Le « commerce rapide », dont les acteurs majeurs sont Cajoo, Gorilles, Getir, Flink ou encore Gopuff, a émergé grâce aux confinements et à l’épidémie de Covid-19 depuis 2020 et propose la livraison de produits du quotidien, similaires à ceux en vente dans un supérette du centre-ville, à quelques minutes.

Mais cette activité est critiquée par de nombreux élus du monde entier, qui dénoncent pêle-mêle, l’arrivée des « villes-entrepôts », les nuisances pour les riverains, voire « l’économie de la paresse ».

En mars dernier, la mairie de Paris avait demandé la fermeture de 45 « magasins noirs » qui se seraient « créés illégalement » dans la capitale, les services de l’urbanisme les considérant comme des entrepôts alors qu’ils s’étaient installés dans des immeubles commerciaux.

Mi-août, elle avait dénoncé un projet d’arrêté ministériel qui aurait permis de les considérer comme des lieux de commerce ou de restauration, à condition qu’ils disposent d’un point de collecte pour le public.

Enfin, il s’agit bien d’entrepôts et les entreprises qui n’ont pas procédé aux changements de destination des locaux seront en infraction et devront « très probablement » fermer à l’issue de la procédure légale, selon Olivier Klein, ministre délégué à la Ville et Logement. Des démarches qui peuvent cependant prendre un certain temps.

Les mauvais élèves « n’ont plus d’échappatoire aujourd’hui », s’est réjoui le député à l’urbanisme à la mairie de Paris, Emmanuel Grégoire, lui aussi très critique de leur modèle social.

– Activité en cours –

En France, l’activité « commerce rapide » est en hausse, explique à l’AFP Emily Mayer, experte en produits de grande consommation à l’IRI, avec un chiffre d’affaires global de 224 millions d’euros sur la période août 2021-juillet 2022, contre 146 millions d’euros de revenus pour l’année civile 2021.

A noter toutefois que sur ces 224 millions d’euros de chiffre d’affaires, 125 sont, selon le spécialiste, réalisés par Frichti, qui livre aussi des repas, mais qui a été racheté par Gorillas en mars dernier.
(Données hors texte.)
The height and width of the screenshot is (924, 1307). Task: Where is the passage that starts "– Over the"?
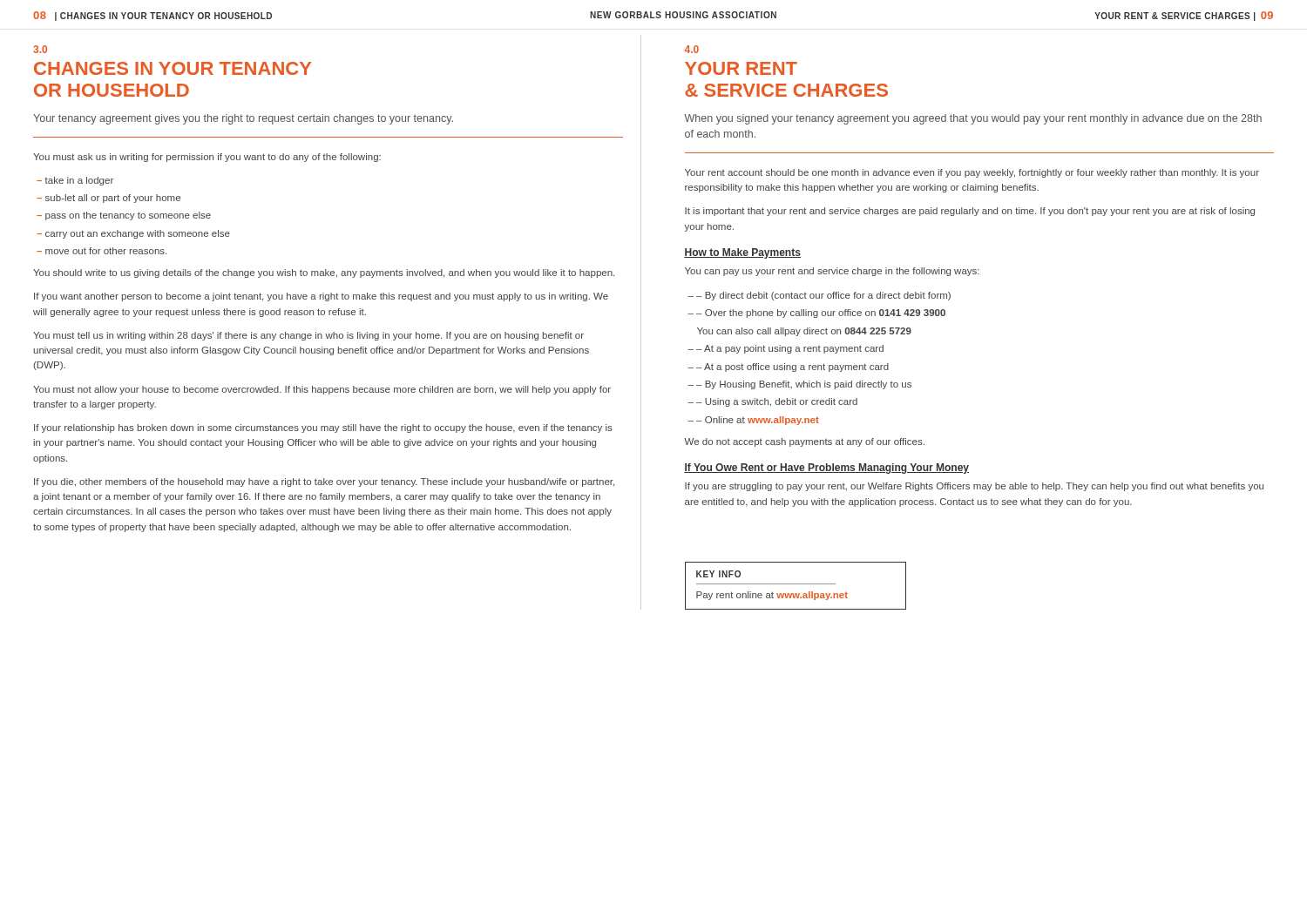pos(821,313)
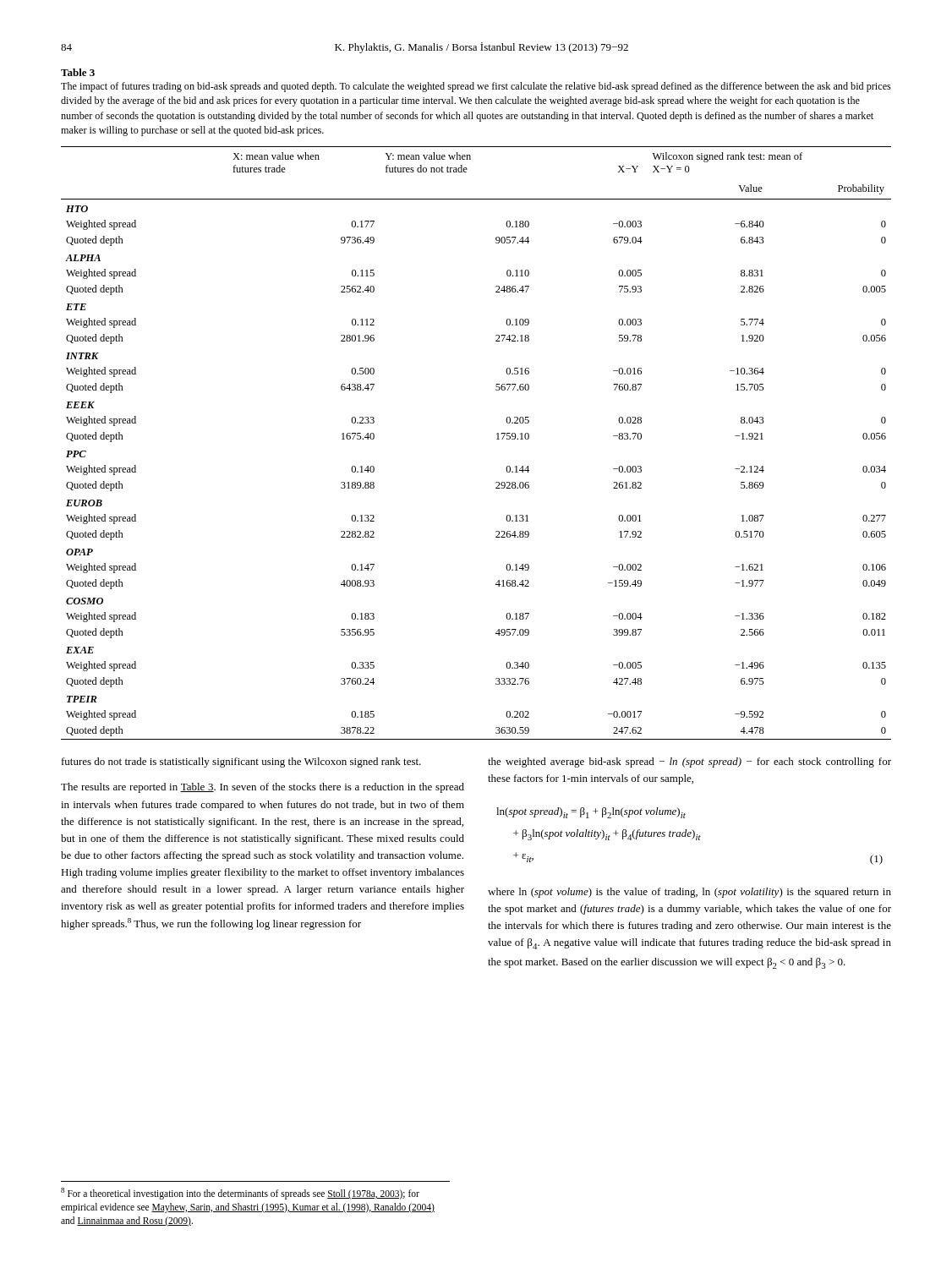
Task: Select the footnote containing "8 For a"
Action: click(x=248, y=1206)
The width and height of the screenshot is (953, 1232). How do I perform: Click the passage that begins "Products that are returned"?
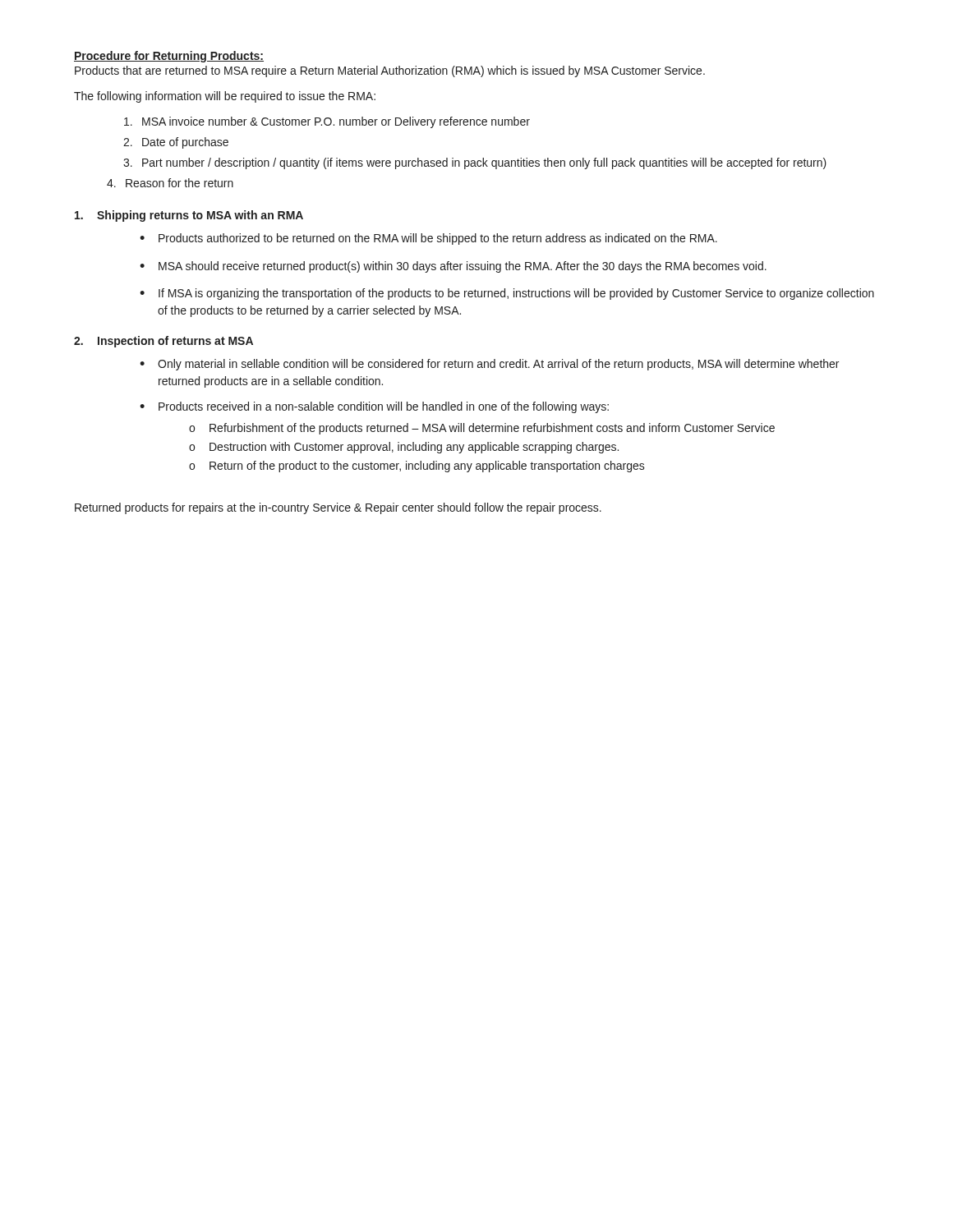390,71
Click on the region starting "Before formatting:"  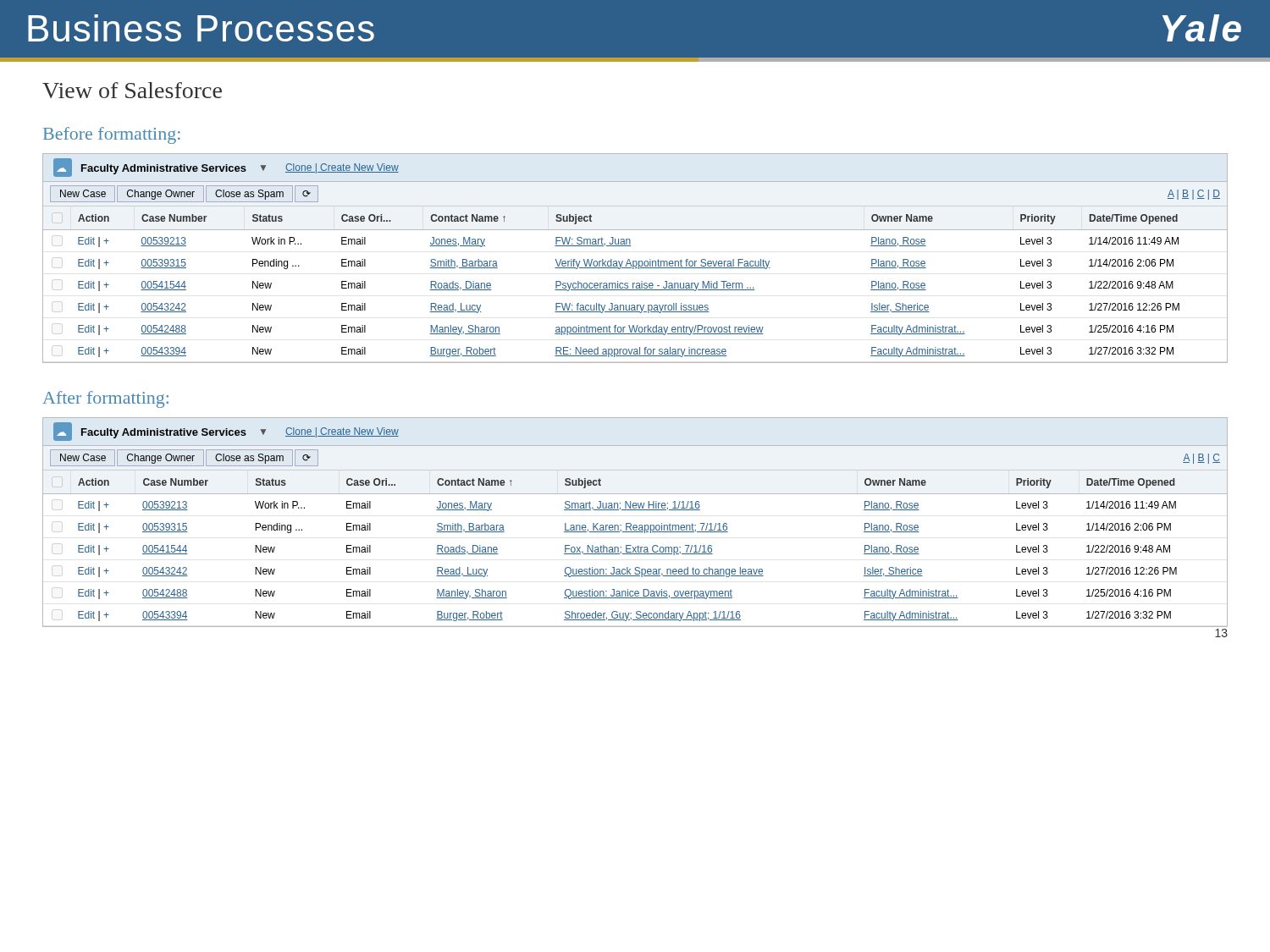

Le turc Getir a de son côté publié un chiffre d’affaires de 2,4 millions d’euros pour l’année 2021, pour des pertes de 22,5 millions d’euros, comme l’a révélé début août le média spécialisé LSA.

Malgré ces chiffres peu spectaculaires – l’ensemble du secteur vendant en France l’équivalent d’un seul grand hypermarché, estime un autre média spécialisé, Linéaires -, et malgré une nouvelle difficulté à lever des fonds auprès d’investisseurs qui privilégient désormais des activités rentables à plus court terme, les spécialistes sont plutôt optimistes quant à l’existence d’une demande.

Dans un communiqué mardi soir à l’AFP, Gorillas préfère attendre de connaître « le contenu des décrets » et entend « poursuivre les discussions avec le ministère », « avant de prendre toute décision sur une éventuelle évolution de son modèle ».